__MATERIAL TO PROCESS__:

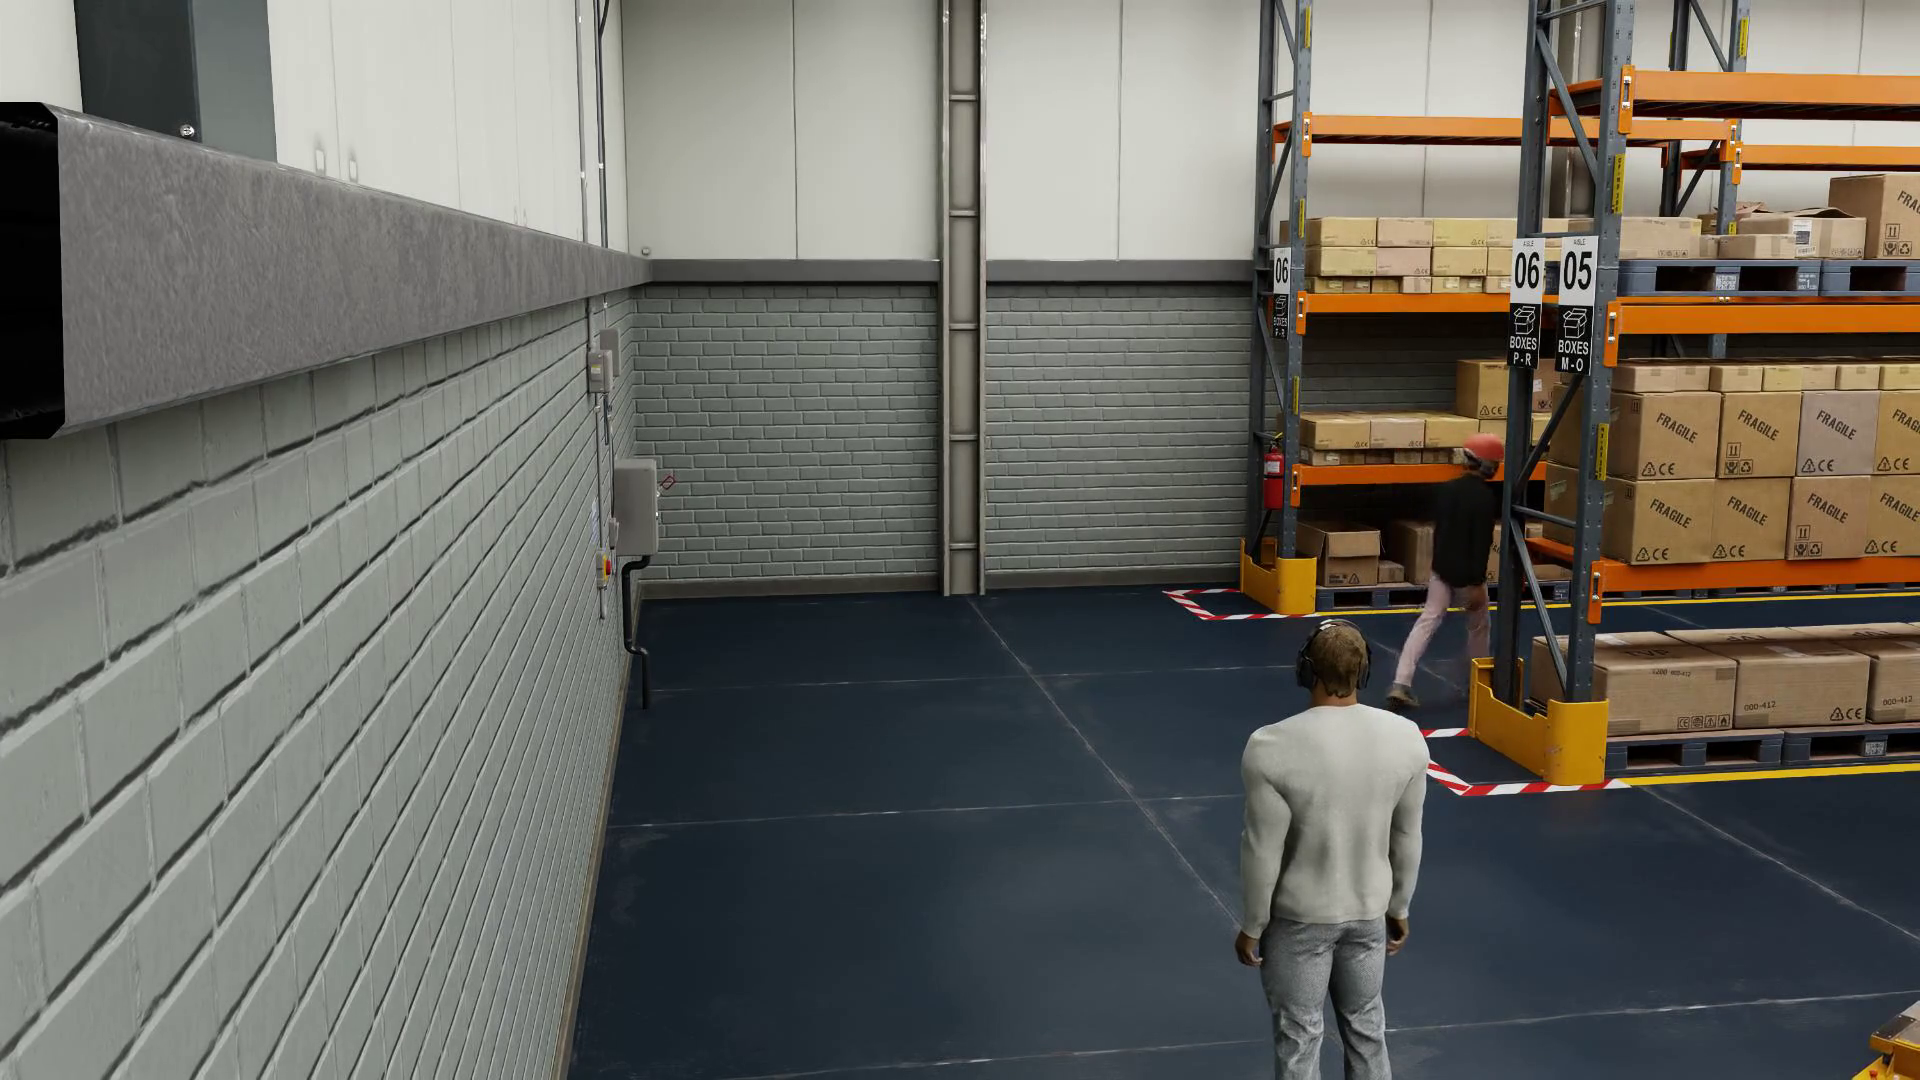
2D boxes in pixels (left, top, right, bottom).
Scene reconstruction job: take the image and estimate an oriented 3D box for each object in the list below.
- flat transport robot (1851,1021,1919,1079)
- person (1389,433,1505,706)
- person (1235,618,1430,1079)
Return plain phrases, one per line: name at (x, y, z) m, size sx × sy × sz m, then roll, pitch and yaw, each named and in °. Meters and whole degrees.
flat transport robot at (3.995, 1.894, 6.259) m, size 1.431 × 0.197 × 0.652 m, roll -8°, pitch 12°, yaw -40°
person at (3.418, 0.216, 11.531) m, size 1.038 × 1.935 × 0.703 m, roll -4°, pitch 10°, yaw -21°
person at (1.183, 1.206, 5.374) m, size 0.635 × 1.939 × 0.367 m, roll -3°, pitch 10°, yaw -15°

__WHAT NEEDS TO BE DONE__:
Repeat the records in full, exactly as they appear, without the pictures.

__RESULT__:
2D boxes in pixels (left, top, right, bottom).
Scene reconstruction job: take the image and estimate an oriented 3D box for each object in the list below.
- flat transport robot (1851,1021,1919,1079)
- person (1389,433,1505,706)
- person (1235,618,1430,1079)
Return plain phrases, one per line: name at (x, y, z) m, size sx × sy × sz m, then roll, pitch and yaw, each named and in °. Meters and whole degrees.
flat transport robot at (3.995, 1.894, 6.259) m, size 1.431 × 0.197 × 0.652 m, roll -8°, pitch 12°, yaw -40°
person at (3.418, 0.216, 11.531) m, size 1.038 × 1.935 × 0.703 m, roll -4°, pitch 10°, yaw -21°
person at (1.183, 1.206, 5.374) m, size 0.635 × 1.939 × 0.367 m, roll -3°, pitch 10°, yaw -15°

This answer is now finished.